Then define a modified function to quit the agenda that restores the saved frame configuration if it is non-nil:

(defun my-org-agenda-quit ()
  (interactive)
  (org-agenda-quit)
  (if my-pre-agenda-frame-configuration
    (set-frame-configuration my-pre-agenda-frame-configuration))
  (setq my-pre-agenda-frame-configuration nil))

Finally, bind the modified agenda-quit function to q in the agenda keymap:

(define-key org-agenda-keymap "q" 'my-org-agenda-quit)

If you use Q to exit the agenda as well, you might want to redefine that function and rebind the key as well.

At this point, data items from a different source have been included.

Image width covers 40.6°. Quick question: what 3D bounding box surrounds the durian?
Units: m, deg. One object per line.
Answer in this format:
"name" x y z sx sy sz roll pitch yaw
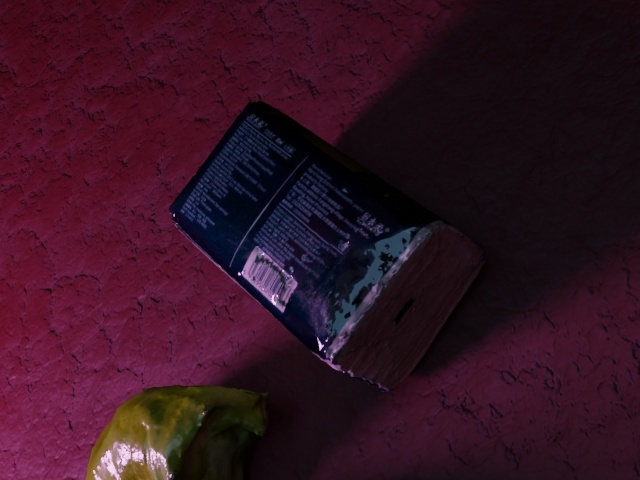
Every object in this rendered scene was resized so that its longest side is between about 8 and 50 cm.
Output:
"durian" -0.248 0.356 1.385 0.340 0.204 0.255 -3 83 30

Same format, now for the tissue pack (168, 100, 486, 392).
"tissue pack" 0.000 0.000 1.335 0.417 0.253 0.264 37 94 34
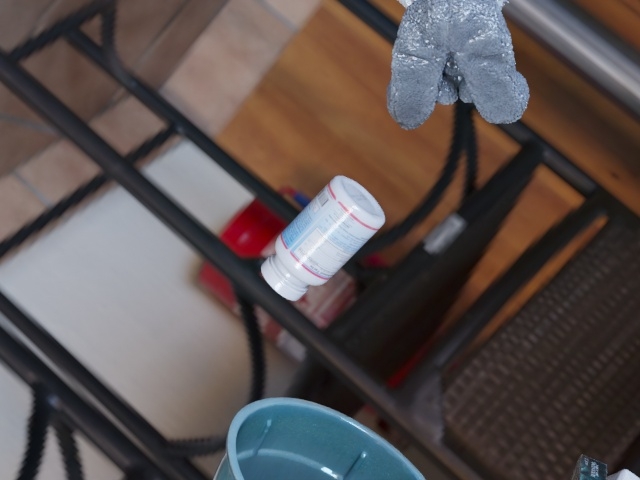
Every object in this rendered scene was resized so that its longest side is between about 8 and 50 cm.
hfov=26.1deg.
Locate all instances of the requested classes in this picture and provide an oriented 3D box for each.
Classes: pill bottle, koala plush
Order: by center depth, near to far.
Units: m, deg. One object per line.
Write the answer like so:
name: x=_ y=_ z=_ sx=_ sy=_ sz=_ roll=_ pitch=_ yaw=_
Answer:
pill bottle: x=0.000 y=0.000 z=1.756 sx=0.160 sy=0.087 sz=0.087 roll=-46 pitch=168 yaw=19
koala plush: x=0.186 y=-0.296 z=1.895 sx=0.221 sy=0.196 sz=0.203 roll=-81 pitch=166 yaw=-47

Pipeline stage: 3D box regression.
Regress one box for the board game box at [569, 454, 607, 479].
board game box: x=0.180 y=0.273 z=1.091 sx=0.126 sy=0.026 sz=0.186 roll=-37 pitch=148 yaw=-75

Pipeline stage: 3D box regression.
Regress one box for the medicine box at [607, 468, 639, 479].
medicine box: x=0.372 y=0.443 z=1.678 sx=0.263 sy=0.289 sz=0.149 roll=-39 pitch=-162 yaw=51

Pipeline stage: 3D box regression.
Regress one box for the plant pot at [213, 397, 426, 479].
plant pot: x=-0.048 y=0.451 z=1.879 sx=0.334 sy=0.341 sz=0.341 roll=-59 pitch=163 yaw=25
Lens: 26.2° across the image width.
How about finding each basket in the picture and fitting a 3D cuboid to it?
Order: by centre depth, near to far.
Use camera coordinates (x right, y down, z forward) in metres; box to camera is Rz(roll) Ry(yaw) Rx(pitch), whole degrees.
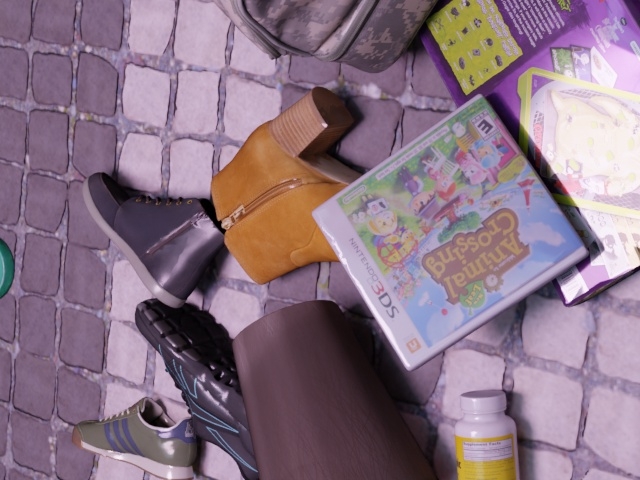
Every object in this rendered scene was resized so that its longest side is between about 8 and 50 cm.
[{"bbox_3d":[0.000,0.192,1.486,0.154,0.204,0.227,-49,57,50],"label":"basket"}]

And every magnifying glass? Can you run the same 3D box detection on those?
[{"bbox_3d":[-0.509,0.063,1.928,0.231,0.026,0.092,-27,80,36],"label":"magnifying glass"}]

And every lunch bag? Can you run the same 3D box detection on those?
[{"bbox_3d":[-0.048,-0.328,1.377,0.212,0.256,0.305,-55,54,25],"label":"lunch bag"}]

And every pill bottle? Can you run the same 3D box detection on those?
[{"bbox_3d":[0.172,0.216,1.426,0.065,0.065,0.116,-1,94,36],"label":"pill bottle"}]

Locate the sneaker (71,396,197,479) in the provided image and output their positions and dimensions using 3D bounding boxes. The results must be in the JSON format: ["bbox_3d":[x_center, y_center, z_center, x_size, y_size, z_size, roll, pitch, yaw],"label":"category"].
[{"bbox_3d":[-0.228,0.235,1.726,0.192,0.064,0.086,13,96,34],"label":"sneaker"}]

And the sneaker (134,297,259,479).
[{"bbox_3d":[-0.137,0.174,1.625,0.267,0.101,0.106,43,120,25],"label":"sneaker"}]

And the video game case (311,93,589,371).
[{"bbox_3d":[0.124,-0.008,1.361,0.212,0.023,0.193,-35,75,12],"label":"video game case"}]

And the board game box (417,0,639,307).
[{"bbox_3d":[0.246,-0.134,1.343,0.208,0.056,0.347,-36,75,38],"label":"board game box"}]

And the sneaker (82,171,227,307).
[{"bbox_3d":[-0.194,-0.031,1.668,0.118,0.083,0.222,-47,60,10],"label":"sneaker"}]

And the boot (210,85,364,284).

EDIT: in response to the comment, can you reproduce that behavior starting with emacs -q -l minimal.el with the file minimal.el containing

    (load "org-agenda")

and the code above? If that works, there is something wrong with your init file: you will have to debug that, since I certainly cannot. If that does not work, then I'm not sure what the problem could be: the above works perfectly in my experiments.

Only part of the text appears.